Collected data entries:
########
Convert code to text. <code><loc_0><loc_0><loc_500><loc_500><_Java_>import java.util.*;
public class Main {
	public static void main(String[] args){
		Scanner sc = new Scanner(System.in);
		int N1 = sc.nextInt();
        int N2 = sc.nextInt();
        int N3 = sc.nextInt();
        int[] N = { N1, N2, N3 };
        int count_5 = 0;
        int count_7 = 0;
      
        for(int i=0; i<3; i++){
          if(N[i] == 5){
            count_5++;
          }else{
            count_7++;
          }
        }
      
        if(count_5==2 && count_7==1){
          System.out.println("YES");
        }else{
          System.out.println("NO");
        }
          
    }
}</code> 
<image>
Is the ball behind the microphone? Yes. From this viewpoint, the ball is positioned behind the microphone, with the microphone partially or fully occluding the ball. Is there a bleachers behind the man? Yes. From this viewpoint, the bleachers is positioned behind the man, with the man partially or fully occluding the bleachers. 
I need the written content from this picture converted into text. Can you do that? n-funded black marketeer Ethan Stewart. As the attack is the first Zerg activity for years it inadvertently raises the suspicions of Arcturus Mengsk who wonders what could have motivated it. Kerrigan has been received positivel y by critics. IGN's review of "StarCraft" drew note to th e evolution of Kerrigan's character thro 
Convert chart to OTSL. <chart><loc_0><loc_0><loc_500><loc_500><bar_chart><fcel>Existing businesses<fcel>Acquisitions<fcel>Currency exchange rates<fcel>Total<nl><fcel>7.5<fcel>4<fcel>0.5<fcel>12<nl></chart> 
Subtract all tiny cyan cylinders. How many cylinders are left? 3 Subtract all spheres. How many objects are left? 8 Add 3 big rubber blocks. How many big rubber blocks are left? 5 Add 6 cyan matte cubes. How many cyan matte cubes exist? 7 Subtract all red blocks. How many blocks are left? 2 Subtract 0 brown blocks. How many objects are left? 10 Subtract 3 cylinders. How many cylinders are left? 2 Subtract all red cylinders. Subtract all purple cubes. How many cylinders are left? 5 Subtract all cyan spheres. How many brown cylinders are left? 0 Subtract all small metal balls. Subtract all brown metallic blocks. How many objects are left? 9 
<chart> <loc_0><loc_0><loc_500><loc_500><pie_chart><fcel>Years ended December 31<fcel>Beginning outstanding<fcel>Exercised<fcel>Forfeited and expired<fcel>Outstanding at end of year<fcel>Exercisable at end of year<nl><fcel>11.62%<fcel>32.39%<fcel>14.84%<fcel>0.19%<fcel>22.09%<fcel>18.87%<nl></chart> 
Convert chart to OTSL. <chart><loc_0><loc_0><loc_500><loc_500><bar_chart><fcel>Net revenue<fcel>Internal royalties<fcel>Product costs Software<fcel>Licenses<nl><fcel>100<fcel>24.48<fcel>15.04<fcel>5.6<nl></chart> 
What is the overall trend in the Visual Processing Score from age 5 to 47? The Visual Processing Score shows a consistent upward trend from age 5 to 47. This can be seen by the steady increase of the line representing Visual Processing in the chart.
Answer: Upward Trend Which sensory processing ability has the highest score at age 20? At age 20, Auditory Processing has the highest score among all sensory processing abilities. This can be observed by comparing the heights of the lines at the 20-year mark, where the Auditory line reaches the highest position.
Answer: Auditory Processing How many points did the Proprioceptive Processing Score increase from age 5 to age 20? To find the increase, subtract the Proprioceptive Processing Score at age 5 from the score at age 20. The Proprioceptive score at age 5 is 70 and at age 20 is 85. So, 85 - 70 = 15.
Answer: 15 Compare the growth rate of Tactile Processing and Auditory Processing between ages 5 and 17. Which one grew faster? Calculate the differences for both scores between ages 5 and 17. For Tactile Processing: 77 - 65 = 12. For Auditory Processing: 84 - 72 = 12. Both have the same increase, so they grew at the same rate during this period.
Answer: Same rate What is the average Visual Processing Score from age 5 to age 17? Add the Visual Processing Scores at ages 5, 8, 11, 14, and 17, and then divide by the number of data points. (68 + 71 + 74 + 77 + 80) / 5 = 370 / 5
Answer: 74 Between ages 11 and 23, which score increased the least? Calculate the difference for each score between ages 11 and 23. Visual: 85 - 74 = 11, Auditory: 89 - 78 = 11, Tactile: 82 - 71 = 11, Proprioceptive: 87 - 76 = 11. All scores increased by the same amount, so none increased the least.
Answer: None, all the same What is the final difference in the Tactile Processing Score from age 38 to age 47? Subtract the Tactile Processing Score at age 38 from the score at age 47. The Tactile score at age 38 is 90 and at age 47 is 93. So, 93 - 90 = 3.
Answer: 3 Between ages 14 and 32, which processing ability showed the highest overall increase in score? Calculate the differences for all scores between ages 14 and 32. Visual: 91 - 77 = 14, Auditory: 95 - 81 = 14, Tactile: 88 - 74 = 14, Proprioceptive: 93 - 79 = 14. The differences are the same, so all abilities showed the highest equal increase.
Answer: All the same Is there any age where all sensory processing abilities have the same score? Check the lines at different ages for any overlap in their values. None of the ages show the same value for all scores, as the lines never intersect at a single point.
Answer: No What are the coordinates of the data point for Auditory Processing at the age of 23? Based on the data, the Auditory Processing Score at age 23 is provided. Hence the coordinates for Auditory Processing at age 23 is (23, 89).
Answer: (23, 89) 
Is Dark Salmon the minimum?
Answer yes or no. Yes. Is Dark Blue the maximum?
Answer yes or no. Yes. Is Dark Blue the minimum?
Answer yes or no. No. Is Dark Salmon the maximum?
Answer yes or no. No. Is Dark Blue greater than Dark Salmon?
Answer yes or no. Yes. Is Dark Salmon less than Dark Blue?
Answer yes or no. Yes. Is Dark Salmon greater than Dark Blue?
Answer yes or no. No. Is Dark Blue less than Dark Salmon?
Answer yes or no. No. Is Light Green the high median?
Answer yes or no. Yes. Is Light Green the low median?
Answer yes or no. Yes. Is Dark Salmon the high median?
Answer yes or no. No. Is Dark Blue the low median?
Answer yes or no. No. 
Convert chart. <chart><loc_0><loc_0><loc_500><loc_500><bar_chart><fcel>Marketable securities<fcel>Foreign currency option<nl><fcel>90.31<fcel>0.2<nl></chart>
########
WHAT THE TASK ASKS: Working through the records above, copy each line in which "code" is found.

RESULT:
Convert code to text. <code><loc_0><loc_0><loc_500><loc_500><_Java_>import java.util.*;
}</code> 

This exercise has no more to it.